The 4th Man (1983)
8/10
cheeky
13 May 2017
Warning: Spoilers
Paul Verhoeven like Dario Argento and Brian DePalma, is a film-maker who likes to answer his critics via his work. After having worked in films that were approached in a more realistic and naturalistic milieu (1973's 'Turkish Delight', 1980's 'Spetters'), Verhoeven found in a novel by Gerard Reve a perfect collective of ideas that suited what would become his cinema; dark eroticism, religious imagery, the Catholic tension of woman worship and misogyny, death, and the grip ideas of the fantastique can have on the mind. He completely embraced the 'Giallo' approach and blends sex and death in a delicious cocktail of suspense and imagery in 'The Fourth Man'.

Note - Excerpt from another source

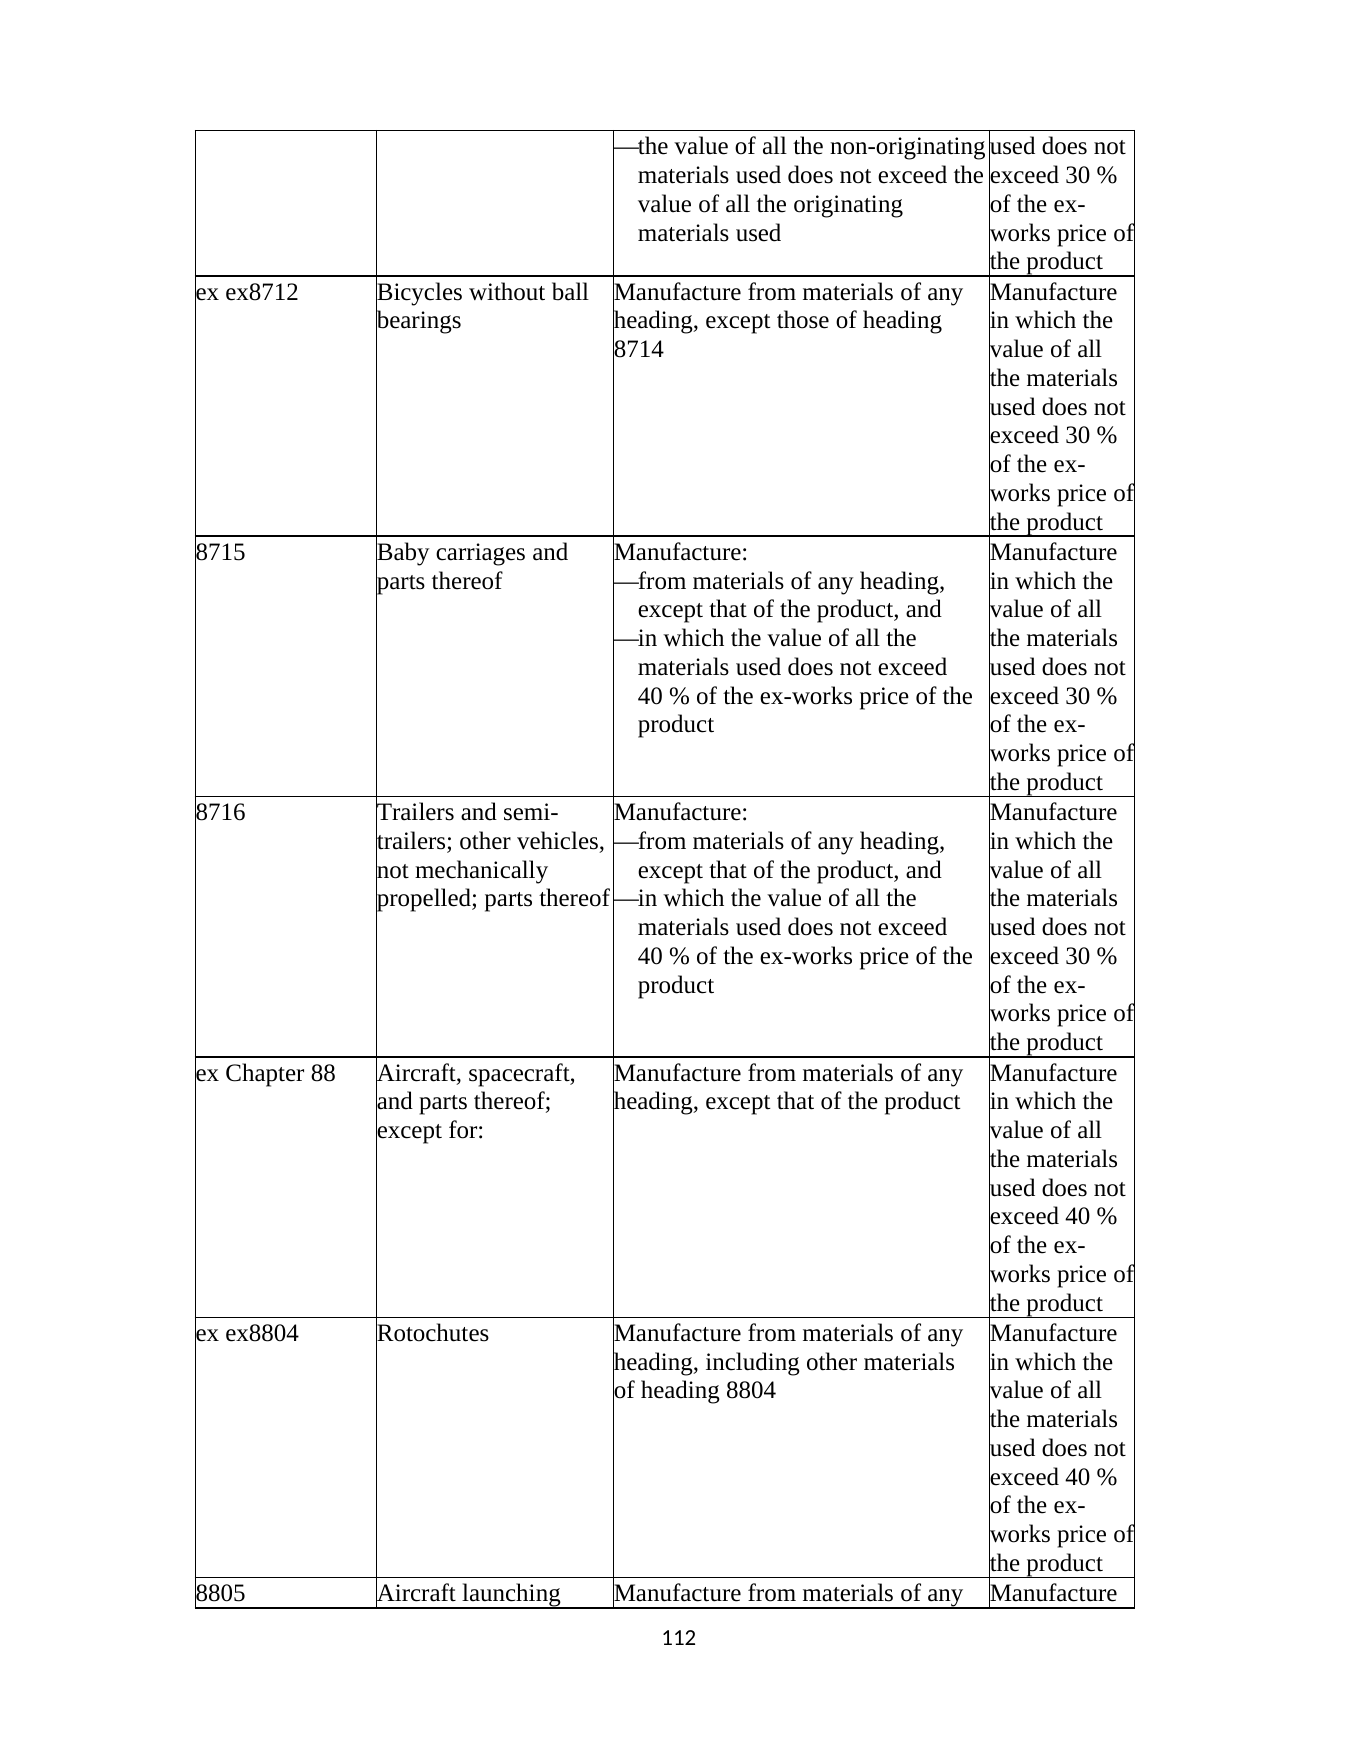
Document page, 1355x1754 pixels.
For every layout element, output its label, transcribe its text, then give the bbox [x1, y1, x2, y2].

A tale of seduction and paranoia is told via a writer of lurid pulp fiction, Gerard Reve (yes the novelist names the lead character after himself!). Appearing as a keynote speaker at a book seminar, he responds to a questioner who asks how he can still be a Catholic with all science has taught us; "Being Catholic means having imagination!" Catholic, homosexual and alcoholic, he is bursting with emotional tension, ripe for hysteria; "I lie the truth, until I no longer know whether something did or didn't happen."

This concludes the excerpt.